TASK INPUTS:
*** Begin section ***

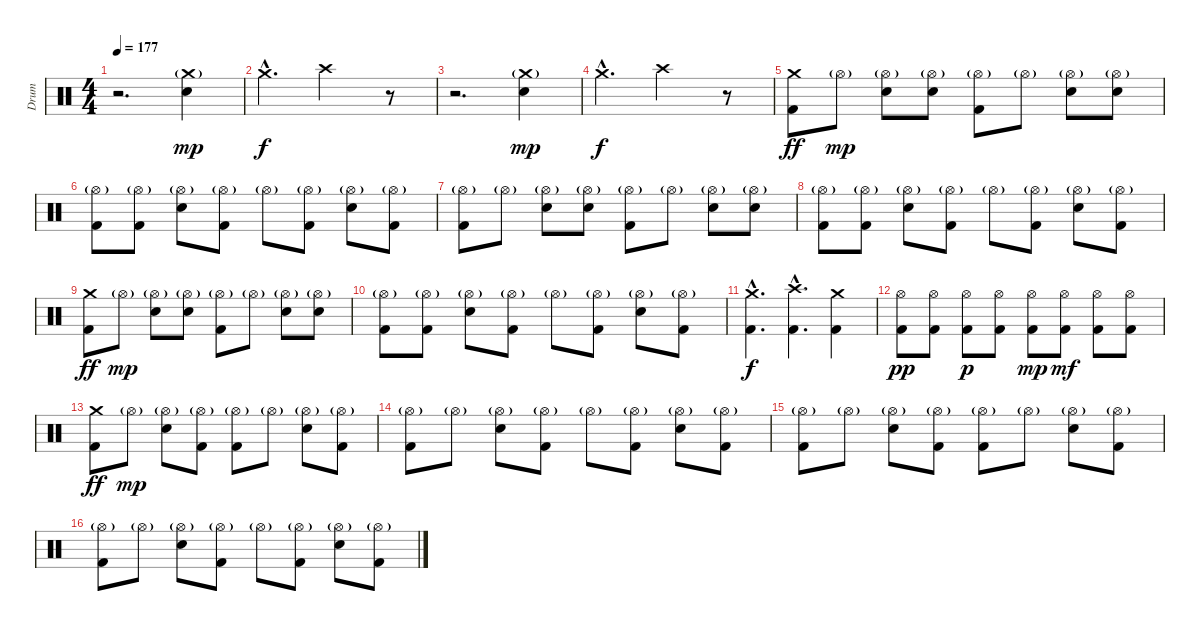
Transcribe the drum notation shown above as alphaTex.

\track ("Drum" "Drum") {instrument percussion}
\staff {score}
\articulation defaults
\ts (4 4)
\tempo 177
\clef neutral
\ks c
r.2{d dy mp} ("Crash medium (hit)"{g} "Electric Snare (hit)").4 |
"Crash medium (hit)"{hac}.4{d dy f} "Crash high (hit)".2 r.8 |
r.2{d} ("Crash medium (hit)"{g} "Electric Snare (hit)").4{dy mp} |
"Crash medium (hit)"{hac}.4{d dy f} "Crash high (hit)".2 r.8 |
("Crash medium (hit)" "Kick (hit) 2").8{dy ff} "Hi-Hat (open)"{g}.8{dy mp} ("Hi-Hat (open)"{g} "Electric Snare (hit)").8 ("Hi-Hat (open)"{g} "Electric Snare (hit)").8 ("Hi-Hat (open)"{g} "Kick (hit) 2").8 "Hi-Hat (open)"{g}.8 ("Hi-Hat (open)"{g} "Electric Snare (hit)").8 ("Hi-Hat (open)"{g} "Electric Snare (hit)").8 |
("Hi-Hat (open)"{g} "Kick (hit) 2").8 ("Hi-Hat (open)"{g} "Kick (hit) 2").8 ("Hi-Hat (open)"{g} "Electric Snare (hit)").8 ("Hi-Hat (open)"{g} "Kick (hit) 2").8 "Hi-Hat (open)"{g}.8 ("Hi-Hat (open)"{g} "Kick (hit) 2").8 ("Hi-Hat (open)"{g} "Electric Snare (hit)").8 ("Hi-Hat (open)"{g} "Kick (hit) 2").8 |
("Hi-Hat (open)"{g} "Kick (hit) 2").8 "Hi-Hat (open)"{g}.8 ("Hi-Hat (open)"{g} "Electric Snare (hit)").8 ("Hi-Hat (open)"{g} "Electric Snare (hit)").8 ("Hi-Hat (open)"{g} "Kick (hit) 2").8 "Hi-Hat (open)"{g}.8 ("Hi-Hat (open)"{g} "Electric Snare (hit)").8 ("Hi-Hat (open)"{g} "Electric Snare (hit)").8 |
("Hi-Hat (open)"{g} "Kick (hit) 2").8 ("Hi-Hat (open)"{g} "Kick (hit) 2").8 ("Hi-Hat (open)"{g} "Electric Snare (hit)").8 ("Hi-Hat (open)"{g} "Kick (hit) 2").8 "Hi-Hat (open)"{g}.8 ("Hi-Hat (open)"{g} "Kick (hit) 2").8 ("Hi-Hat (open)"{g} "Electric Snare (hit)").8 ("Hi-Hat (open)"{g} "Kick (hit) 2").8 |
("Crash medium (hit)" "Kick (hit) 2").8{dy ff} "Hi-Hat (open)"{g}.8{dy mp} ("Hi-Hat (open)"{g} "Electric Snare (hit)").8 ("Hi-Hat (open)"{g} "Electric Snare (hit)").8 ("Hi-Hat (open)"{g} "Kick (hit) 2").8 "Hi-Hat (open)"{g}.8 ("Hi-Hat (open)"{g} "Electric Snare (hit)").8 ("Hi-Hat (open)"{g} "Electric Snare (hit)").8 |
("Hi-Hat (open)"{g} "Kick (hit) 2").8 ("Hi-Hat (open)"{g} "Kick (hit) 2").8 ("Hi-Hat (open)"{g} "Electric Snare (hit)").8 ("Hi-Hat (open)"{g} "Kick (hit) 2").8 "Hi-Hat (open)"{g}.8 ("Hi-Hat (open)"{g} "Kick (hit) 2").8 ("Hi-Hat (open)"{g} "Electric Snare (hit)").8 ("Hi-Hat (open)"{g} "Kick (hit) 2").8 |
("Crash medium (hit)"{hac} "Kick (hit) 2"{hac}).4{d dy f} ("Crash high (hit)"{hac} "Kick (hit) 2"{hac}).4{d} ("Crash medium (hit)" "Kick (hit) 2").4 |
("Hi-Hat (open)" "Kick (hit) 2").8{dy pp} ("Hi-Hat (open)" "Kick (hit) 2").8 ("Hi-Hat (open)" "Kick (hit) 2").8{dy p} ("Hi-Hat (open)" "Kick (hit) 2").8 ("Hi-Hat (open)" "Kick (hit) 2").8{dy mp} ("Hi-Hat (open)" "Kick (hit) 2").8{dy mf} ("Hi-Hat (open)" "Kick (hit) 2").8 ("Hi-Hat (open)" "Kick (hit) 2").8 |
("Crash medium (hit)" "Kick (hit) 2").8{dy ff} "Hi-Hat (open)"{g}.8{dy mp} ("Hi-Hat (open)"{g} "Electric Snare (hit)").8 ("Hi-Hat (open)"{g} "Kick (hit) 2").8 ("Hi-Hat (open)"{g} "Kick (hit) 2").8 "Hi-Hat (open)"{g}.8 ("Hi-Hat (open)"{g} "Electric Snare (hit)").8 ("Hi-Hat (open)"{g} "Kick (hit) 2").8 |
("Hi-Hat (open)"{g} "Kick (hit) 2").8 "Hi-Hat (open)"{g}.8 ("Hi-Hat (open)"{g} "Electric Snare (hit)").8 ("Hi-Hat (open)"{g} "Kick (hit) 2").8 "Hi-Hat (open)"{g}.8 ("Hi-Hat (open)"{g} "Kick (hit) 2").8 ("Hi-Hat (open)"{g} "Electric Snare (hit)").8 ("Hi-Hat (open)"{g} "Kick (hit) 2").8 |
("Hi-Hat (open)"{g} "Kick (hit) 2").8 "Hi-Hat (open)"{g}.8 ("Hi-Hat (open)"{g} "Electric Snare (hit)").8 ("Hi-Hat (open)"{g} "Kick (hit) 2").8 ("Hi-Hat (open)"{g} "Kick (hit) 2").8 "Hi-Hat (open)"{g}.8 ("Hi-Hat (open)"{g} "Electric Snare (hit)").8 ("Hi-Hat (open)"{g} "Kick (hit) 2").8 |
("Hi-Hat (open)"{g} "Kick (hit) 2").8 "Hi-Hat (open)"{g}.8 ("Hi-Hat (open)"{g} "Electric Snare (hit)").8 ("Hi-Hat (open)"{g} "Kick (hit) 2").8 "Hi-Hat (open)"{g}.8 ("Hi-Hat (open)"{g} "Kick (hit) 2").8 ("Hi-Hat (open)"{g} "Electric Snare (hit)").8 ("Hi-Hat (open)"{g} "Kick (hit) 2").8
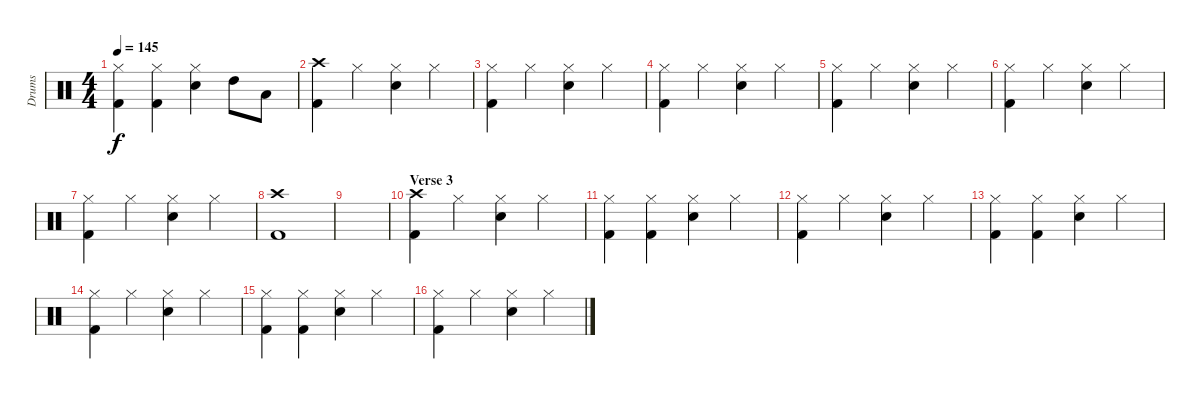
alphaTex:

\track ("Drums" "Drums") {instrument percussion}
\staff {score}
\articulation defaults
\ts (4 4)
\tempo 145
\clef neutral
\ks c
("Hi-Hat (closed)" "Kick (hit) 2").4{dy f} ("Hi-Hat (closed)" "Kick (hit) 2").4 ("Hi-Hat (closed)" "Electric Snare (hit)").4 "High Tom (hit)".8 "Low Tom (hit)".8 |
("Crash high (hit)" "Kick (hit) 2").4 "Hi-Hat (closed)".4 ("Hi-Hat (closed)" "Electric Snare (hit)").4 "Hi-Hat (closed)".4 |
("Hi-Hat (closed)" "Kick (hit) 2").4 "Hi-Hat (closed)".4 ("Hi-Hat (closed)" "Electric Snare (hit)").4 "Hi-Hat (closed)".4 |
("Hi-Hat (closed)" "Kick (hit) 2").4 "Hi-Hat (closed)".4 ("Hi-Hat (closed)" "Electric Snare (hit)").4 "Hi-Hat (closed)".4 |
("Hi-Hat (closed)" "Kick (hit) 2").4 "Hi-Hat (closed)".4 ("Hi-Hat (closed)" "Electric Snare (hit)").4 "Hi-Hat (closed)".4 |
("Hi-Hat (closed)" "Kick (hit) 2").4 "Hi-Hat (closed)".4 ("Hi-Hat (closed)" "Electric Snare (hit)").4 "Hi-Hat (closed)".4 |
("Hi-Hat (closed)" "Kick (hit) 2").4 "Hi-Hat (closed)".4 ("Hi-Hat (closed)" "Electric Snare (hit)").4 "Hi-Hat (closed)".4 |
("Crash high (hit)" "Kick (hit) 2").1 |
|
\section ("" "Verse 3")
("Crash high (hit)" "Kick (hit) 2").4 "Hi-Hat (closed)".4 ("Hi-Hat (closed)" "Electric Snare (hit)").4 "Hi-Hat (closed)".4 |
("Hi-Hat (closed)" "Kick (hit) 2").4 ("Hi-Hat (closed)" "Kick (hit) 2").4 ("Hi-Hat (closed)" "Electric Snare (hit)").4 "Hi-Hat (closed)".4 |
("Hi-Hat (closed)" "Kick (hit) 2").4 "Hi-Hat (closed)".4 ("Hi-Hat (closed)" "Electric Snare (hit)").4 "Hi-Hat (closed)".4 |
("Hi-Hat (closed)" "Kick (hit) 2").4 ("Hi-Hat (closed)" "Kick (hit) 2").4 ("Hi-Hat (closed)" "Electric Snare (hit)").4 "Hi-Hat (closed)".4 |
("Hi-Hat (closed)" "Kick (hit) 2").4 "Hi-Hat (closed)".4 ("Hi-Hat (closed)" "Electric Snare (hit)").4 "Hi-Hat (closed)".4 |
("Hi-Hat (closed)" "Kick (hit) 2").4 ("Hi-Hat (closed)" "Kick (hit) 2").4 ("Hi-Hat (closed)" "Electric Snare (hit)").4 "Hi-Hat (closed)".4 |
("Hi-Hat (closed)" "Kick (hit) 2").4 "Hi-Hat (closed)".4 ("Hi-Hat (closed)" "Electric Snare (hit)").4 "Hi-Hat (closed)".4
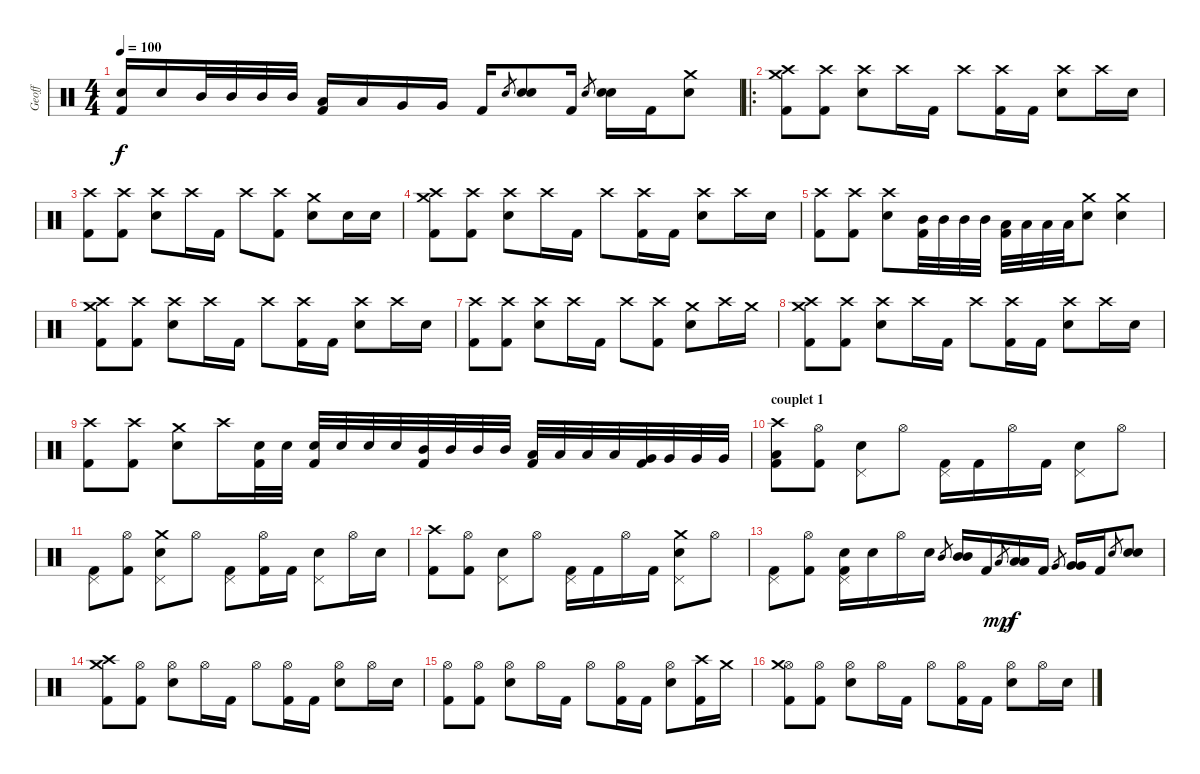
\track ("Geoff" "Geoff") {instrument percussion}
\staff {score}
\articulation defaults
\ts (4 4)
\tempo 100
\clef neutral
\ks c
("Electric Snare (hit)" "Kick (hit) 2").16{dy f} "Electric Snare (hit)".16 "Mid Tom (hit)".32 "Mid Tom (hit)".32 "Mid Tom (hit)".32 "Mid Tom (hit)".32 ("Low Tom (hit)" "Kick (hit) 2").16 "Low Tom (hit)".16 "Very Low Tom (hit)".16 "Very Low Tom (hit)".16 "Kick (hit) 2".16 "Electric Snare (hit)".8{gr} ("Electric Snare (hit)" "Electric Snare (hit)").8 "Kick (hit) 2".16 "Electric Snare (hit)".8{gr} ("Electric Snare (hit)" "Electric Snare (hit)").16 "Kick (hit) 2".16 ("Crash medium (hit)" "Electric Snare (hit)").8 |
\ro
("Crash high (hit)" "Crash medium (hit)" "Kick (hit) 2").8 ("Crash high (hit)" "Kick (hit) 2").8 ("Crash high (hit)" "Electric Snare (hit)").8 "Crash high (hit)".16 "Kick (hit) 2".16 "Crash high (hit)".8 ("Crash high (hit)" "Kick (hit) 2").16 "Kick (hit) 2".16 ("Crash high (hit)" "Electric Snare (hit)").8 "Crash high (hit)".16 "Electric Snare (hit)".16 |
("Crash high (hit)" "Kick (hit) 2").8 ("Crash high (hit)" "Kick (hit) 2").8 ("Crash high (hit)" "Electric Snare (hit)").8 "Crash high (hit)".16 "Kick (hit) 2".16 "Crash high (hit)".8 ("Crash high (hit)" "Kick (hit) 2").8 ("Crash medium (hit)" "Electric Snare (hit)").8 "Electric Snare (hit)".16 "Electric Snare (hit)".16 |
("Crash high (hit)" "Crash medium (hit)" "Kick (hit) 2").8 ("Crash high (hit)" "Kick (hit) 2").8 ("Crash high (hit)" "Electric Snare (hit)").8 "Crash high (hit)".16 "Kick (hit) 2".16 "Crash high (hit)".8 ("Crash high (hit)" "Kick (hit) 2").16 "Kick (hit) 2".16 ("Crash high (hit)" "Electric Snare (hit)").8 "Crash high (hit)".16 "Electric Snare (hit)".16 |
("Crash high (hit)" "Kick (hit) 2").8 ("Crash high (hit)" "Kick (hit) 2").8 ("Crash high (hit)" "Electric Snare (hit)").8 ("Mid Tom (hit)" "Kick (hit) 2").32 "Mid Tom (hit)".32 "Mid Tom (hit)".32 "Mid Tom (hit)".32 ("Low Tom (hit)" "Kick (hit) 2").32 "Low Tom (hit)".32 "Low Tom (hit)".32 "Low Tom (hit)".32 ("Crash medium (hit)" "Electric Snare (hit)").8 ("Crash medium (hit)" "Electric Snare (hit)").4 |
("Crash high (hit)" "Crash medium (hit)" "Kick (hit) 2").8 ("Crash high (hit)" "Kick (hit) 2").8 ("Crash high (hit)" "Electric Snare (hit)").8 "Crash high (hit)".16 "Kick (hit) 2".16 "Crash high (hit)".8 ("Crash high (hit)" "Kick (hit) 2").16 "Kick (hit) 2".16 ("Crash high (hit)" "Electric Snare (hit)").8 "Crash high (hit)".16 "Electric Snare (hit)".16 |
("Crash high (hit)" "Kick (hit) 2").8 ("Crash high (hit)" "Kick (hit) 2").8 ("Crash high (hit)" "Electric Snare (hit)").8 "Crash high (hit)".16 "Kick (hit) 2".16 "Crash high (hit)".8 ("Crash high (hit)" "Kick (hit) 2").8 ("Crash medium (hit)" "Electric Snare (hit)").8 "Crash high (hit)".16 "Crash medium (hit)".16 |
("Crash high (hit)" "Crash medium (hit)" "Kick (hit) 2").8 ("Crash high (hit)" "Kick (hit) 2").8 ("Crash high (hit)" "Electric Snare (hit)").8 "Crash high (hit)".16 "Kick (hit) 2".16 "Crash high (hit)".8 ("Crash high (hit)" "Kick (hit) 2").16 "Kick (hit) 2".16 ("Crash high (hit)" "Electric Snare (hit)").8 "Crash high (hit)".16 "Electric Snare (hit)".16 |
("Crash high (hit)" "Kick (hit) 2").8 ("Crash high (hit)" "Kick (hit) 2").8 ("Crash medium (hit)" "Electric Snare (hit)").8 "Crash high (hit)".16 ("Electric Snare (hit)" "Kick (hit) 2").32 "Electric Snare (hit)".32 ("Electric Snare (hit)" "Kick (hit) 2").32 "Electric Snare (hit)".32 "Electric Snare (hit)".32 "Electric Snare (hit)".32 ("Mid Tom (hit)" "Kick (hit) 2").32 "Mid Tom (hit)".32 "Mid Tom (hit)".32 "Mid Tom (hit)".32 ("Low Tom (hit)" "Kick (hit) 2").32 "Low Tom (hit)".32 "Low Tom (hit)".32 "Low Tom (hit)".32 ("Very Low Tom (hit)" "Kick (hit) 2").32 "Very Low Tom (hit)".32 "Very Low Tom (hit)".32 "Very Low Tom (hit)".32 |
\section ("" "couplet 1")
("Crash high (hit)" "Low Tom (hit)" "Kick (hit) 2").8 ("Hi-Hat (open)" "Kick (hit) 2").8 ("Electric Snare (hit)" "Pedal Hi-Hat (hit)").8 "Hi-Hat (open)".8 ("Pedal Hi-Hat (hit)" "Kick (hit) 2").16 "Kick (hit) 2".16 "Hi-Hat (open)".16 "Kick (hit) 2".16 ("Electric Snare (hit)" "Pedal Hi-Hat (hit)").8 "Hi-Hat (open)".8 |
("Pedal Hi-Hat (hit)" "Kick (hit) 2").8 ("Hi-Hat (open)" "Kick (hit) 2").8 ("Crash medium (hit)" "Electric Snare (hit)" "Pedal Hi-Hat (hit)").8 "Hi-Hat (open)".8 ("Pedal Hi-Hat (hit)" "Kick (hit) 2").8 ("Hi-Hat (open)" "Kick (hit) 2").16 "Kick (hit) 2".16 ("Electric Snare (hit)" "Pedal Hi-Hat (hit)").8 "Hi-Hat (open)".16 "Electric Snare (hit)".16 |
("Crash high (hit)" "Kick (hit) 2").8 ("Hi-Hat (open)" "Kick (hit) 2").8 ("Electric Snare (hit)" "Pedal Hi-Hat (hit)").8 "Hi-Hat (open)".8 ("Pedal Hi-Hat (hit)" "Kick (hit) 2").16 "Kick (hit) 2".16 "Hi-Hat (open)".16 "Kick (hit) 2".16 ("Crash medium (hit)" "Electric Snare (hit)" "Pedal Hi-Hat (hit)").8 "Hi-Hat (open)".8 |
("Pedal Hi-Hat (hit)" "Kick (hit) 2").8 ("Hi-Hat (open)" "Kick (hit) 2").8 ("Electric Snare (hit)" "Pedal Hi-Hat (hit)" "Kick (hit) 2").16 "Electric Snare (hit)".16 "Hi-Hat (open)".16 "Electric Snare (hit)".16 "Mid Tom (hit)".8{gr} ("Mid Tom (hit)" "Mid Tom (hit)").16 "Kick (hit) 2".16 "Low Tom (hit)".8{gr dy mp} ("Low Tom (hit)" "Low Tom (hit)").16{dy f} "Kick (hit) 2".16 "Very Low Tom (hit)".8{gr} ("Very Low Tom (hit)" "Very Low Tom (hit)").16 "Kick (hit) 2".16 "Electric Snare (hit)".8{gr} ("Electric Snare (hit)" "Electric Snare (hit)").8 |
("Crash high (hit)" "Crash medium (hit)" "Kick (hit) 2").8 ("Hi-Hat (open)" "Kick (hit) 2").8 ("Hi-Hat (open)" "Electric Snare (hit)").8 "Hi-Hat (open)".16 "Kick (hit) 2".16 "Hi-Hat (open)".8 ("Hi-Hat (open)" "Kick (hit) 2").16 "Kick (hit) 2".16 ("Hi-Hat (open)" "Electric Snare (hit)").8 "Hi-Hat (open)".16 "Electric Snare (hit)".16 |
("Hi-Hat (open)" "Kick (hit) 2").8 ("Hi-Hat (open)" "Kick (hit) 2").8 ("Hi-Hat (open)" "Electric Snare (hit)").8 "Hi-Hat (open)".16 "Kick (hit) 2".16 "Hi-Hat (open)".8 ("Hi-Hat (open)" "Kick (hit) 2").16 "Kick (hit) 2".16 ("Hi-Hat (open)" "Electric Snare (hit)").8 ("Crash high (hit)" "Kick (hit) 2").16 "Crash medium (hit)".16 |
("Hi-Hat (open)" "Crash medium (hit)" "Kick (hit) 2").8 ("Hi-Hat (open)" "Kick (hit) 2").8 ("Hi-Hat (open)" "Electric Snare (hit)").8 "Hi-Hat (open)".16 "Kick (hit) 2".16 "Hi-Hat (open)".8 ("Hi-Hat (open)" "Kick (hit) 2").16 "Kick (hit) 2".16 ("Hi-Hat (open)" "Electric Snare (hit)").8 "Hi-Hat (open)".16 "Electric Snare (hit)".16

*** End section ***

EXERCISE DESCRIPTION:
Using the listing above, return all lines where the word "instrument" occurs.

COMPLETED EXERCISE:
\track ("Drum" "Drum") {instrument percussion}
\track ("Drums" "Drums") {instrument percussion}
\track ("Geoff" "Geoff") {instrument percussion}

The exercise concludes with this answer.